**Your instructions**
Locate, in the data below, the line that contains "5) car (166,198,183,210)" and the line that contains "10) car (227,198,233,209)"; reproduce exactly those two lines and every line between them, nothing more.

*** Opening Provided entries ***

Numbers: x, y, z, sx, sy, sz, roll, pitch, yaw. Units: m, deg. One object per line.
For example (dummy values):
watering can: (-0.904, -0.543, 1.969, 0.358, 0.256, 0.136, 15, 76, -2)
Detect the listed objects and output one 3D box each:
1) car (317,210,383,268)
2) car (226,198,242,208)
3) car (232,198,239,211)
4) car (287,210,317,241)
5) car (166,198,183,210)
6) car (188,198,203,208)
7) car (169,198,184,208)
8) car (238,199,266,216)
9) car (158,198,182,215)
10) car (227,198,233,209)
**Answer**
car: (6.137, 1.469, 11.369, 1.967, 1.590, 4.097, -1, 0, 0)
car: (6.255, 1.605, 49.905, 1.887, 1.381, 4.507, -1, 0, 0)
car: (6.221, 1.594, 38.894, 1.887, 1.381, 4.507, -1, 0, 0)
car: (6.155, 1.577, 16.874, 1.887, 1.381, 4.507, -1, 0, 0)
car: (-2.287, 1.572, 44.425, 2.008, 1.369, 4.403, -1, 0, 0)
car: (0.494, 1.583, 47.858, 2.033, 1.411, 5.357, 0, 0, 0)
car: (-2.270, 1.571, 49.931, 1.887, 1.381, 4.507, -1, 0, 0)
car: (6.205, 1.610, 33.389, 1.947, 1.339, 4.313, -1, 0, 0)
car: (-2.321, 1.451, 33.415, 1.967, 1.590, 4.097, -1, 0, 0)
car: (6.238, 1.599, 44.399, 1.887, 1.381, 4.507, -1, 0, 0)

*** Closing Provided entries ***

**Finished task**
5) car (166,198,183,210)
6) car (188,198,203,208)
7) car (169,198,184,208)
8) car (238,199,266,216)
9) car (158,198,182,215)
10) car (227,198,233,209)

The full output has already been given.